▸ Task details: For this exercise, print the listing below exactly, without its pictures.

▸ Data section:
*****

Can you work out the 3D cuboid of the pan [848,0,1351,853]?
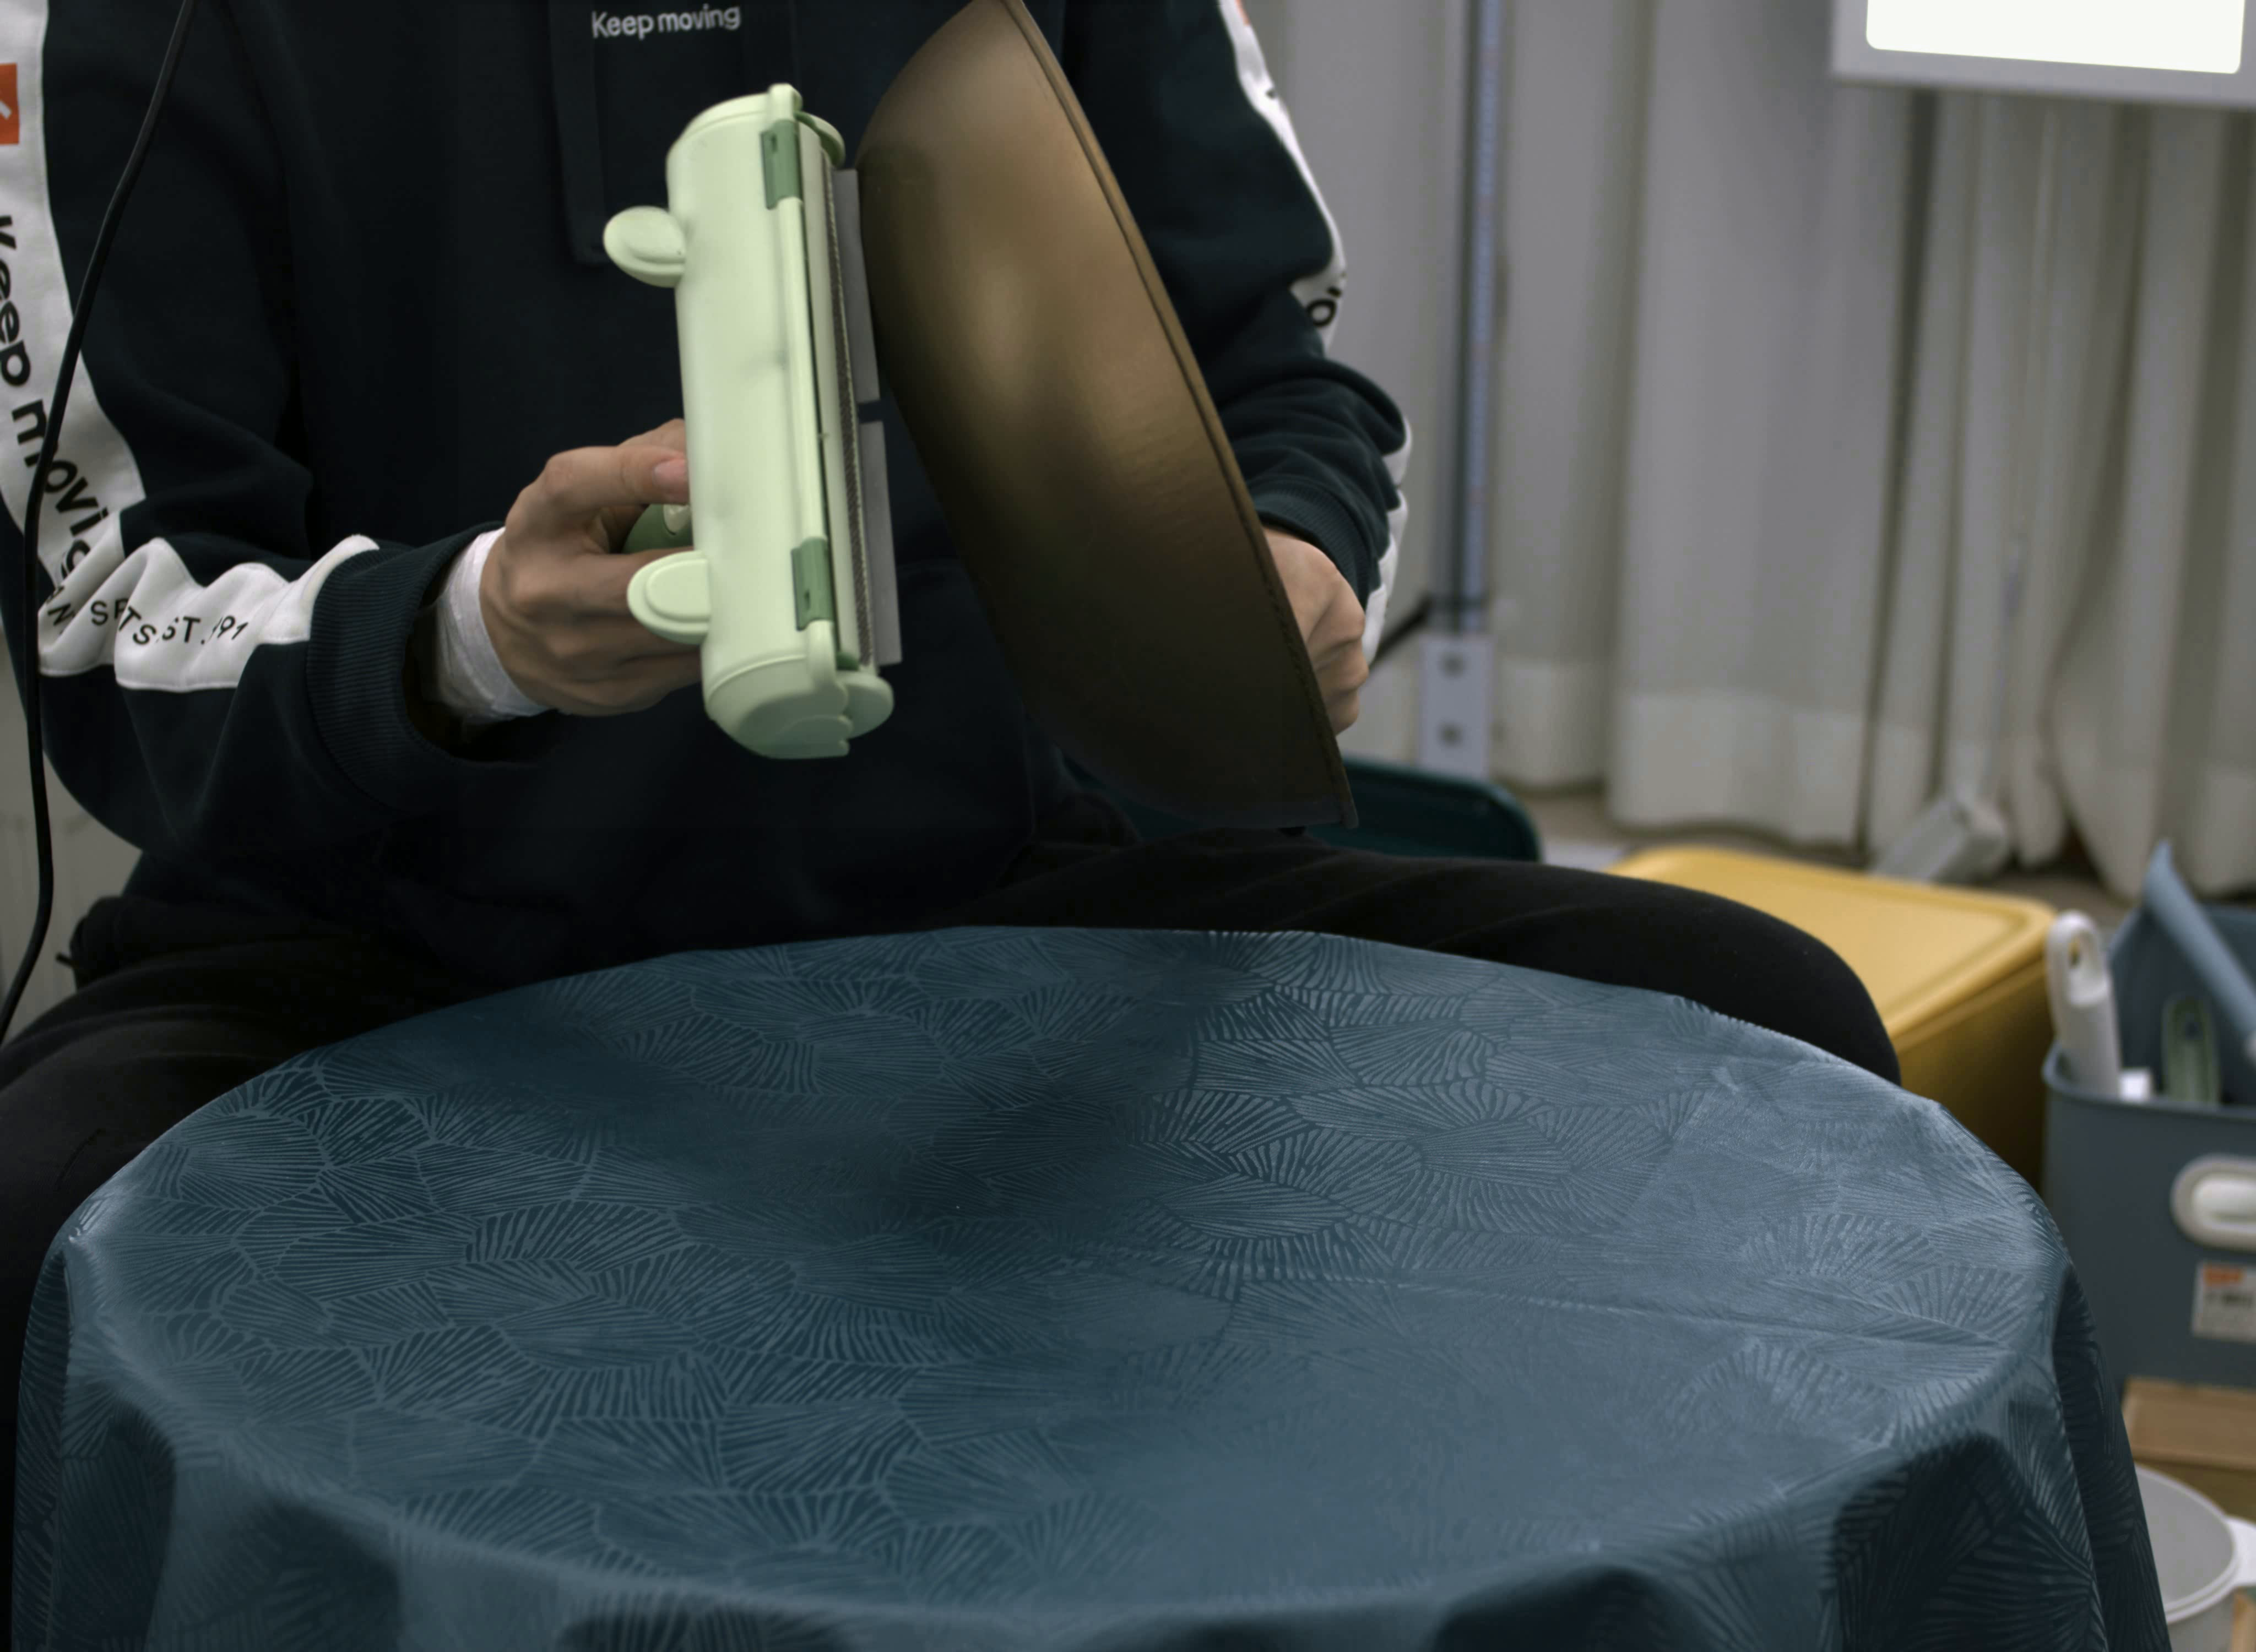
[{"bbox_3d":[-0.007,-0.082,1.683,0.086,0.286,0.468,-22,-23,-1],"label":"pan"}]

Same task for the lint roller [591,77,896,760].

*****

▸ Response:
Can you work out the 3D cuboid of the pan [848,0,1351,853]?
[{"bbox_3d":[-0.007,-0.082,1.683,0.086,0.286,0.468,-22,-23,-1],"label":"pan"}]

Same task for the lint roller [591,77,896,760].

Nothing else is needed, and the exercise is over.